DISOBEDIENCE di Sebastián Lelio – La recensione

Disobedience, di Sebastian Lelio - SentieriSelvaggi

Disobedience è un film drammatico e una straordinaria storia d’amore, diretto dal regista cileno Sebastian Lelio, già affermatosi sulla scena internazionale con Gloria del 2013 e con Una donna fantastica, premio Oscar 2018 al miglior film straniero. La sceneggiatura è stata scritta dal regista stesso insieme a Rebecca Lenkiewicz, ed è tratta dall’omonimo romanzo di Naomi Alderman del 2006. La storia è ambientata nella Londra contemporanea e ci racconta il ritorno di Ronit (Rachel Weisz), in occasione del funerale del padre (il rabbino), nella comunità ebraica ortodossa di cui un tempo faceva parte. Per l’occasione, rivede Esti (Rachel McAdams), suo antico amore e ora sposata con Dovid (Alessandro Nivola).
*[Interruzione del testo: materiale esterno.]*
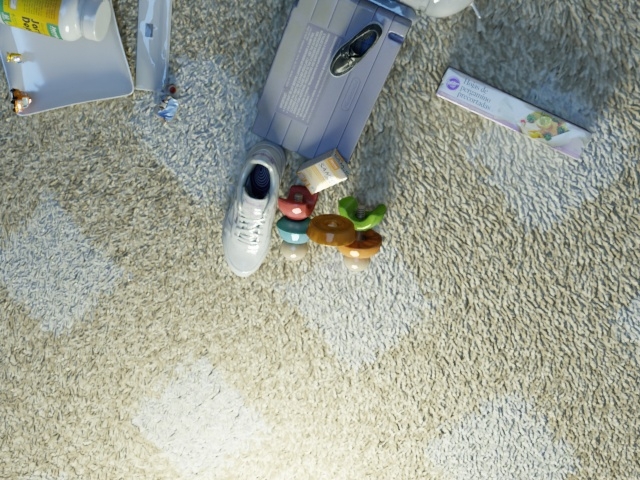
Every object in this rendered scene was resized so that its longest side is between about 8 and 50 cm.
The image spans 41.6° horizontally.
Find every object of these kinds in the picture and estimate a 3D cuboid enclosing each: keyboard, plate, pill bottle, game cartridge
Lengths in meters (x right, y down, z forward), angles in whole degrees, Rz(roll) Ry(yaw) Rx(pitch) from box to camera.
[{"bbox_3d":[-0.354,-0.446,1.793,0.072,0.014,0.256,9,106,9],"label":"keyboard"},{"bbox_3d":[-0.553,-0.427,1.803,0.277,0.045,0.278,-9,104,10],"label":"plate"},{"bbox_3d":[-0.538,-0.470,1.705,0.208,0.117,0.117,15,106,2],"label":"pill bottle"},{"bbox_3d":[0.012,-0.332,1.715,0.230,0.068,0.355,27,123,3],"label":"game cartridge"}]

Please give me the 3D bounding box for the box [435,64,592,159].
[{"bbox_3d":[0.394,-0.262,1.727,0.324,0.067,0.063,25,106,0],"label":"box"}]

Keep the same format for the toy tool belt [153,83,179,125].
[{"bbox_3d":[-0.324,-0.290,1.807,0.052,0.051,0.083,15,110,-30],"label":"toy tool belt"}]

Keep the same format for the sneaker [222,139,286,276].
[{"bbox_3d":[-0.155,-0.059,1.802,0.114,0.152,0.305,12,108,1],"label":"sneaker"}]

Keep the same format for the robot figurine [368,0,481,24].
[{"bbox_3d":[0.174,-0.554,1.601,0.353,0.200,0.300,25,131,-1],"label":"robot figurine"}]

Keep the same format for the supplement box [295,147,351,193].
[{"bbox_3d":[0.006,-0.145,1.774,0.098,0.036,0.062,-23,117,32],"label":"supplement box"}]

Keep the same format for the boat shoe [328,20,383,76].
[{"bbox_3d":[0.064,-0.366,1.624,0.049,0.040,0.142,41,121,-11],"label":"boat shoe"}]

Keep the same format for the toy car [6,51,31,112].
[{"bbox_3d":[-0.638,-0.335,1.789,0.040,0.060,0.122,-6,115,-24],"label":"toy car"}]

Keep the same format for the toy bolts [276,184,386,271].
[{"bbox_3d":[0.000,0.000,1.789,0.228,0.218,0.158,17,119,21],"label":"toy bolts"}]

Il re-incontro porterà a galla un amore non sopito e una serie di problematiche, per il trio, tutte da affrontare ed elaborare.

L’incipit del rabbino durante una funzione religiosa (“In principio c’erano gli angeli, le bestie e gli esseri umani”), ci indica i temi portanti di questo film: nella dicotomia tra angeli e bestie, tra la superiorità del dogma e della sicurezza in opposizione alla libertà di scelta e all’amore, si dibatteranno i tre protagonisti, per fare emergere una umanità profondamente sfaccettata e dolorosamente autentica.

Il regista fa centro, con una storia attenta e delicata sui problemi dell’emancipazione femminile, ma al contempo asciutta e mai banale, che sicuramente non fa concessioni a scontate risposte rassicuranti. Il libero arbitrio, il tema della scelta individuale a prescindere dal contesto (che avrebbe benissimo potuto essere qualsivoglia tipo di dottrina di stampo rigidamente patriarcale), mette l’amore (religioso, romantico, umano) come punto di partenza per qualunque tipo di soluzione onestamente possibile. La forza e l’energia visuale di Lelio si manifestano in un crescendo di tensione, con una regia misurata e sottotono nella prima parte, in attesa dell’accelerazione caotica e catartica nella seconda. La canzone Lovesong dei Cure diventa l’emblematica portavoce (diegetica e non) della tormentata storia d’amore tra Ronit e Esti. Le due fantastiche protagoniste ci regalano dei ritratti al femminile potenti e fragili insieme, portatrici di un messaggio di sensibilità umana e di libertà fuori da ogni dogma, religioso e non.